● **Task goal**
How many lines of the entries below contain the string "Numbers"? State the number alone.

● **Extracted data**
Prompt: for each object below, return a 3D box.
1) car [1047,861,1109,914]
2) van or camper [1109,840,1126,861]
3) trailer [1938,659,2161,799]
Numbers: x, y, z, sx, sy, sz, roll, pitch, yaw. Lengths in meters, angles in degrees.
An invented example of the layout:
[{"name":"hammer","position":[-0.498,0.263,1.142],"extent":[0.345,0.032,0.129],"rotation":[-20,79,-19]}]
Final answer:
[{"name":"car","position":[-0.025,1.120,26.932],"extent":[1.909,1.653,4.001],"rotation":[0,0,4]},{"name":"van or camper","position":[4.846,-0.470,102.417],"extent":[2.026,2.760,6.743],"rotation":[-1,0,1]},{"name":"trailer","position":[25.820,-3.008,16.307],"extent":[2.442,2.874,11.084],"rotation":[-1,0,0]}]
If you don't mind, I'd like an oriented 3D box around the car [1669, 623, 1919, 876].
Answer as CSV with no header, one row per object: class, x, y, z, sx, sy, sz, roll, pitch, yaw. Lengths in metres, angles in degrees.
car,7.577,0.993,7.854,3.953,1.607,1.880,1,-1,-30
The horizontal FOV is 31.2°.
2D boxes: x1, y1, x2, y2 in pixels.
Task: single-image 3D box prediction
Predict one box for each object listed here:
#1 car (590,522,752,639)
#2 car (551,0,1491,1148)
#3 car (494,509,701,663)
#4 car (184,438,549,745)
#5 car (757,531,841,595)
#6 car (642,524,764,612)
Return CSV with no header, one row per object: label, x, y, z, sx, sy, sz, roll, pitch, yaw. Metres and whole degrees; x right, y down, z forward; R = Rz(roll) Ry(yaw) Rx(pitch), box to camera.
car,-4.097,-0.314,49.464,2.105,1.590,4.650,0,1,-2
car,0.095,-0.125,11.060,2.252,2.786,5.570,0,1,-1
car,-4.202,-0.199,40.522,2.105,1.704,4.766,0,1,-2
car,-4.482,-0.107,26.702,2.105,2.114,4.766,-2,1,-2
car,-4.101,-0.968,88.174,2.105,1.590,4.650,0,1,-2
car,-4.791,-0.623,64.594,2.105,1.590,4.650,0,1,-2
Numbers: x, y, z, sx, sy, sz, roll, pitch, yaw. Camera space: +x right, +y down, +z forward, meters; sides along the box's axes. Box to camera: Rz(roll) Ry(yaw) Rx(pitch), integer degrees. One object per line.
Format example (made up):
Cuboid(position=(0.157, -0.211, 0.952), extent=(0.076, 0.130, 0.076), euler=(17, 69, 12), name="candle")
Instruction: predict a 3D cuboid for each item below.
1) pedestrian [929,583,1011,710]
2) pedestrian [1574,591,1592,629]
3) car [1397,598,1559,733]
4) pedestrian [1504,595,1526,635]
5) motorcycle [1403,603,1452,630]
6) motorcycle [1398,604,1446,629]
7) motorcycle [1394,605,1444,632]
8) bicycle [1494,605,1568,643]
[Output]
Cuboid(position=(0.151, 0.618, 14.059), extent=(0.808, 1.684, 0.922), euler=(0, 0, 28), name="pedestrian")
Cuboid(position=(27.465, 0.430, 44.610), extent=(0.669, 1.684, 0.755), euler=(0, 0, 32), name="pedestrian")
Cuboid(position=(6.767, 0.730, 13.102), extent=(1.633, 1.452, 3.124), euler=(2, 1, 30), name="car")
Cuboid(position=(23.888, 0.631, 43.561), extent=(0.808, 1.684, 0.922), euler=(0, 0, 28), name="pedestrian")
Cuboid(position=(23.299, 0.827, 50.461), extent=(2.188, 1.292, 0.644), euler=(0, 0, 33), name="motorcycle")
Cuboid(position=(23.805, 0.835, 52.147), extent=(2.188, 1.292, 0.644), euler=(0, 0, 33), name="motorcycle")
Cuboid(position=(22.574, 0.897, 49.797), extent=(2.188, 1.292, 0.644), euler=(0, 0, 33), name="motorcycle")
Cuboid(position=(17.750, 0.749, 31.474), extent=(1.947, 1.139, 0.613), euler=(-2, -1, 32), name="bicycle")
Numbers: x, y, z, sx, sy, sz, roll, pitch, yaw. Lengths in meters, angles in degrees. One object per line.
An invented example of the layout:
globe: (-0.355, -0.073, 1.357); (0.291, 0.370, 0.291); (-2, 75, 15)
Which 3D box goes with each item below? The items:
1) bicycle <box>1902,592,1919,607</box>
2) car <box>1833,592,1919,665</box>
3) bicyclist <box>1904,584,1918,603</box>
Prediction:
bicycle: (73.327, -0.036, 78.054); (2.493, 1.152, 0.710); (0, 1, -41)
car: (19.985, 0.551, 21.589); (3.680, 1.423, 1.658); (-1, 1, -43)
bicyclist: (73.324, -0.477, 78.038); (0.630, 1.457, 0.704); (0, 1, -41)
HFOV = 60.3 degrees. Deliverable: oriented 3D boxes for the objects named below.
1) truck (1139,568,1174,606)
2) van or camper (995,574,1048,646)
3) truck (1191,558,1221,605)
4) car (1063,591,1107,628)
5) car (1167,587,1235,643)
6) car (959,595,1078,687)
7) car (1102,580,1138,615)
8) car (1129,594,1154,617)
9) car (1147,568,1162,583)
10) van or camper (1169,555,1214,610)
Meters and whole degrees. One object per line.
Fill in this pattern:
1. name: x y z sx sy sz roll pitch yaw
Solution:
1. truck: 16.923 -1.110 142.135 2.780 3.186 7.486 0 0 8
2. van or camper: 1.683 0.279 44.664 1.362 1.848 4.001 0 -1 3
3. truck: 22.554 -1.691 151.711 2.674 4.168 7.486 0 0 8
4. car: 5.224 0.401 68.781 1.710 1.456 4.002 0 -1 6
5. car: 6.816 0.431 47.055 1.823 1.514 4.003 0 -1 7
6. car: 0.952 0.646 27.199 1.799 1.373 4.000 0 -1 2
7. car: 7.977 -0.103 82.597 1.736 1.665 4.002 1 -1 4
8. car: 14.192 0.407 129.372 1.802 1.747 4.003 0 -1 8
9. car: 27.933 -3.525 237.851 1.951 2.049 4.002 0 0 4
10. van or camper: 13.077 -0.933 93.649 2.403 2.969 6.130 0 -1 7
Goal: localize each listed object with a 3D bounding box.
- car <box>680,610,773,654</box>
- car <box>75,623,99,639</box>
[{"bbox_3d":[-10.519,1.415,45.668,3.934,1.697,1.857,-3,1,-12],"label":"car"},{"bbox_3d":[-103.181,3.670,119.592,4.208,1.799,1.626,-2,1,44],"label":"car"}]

● **Answer box**
3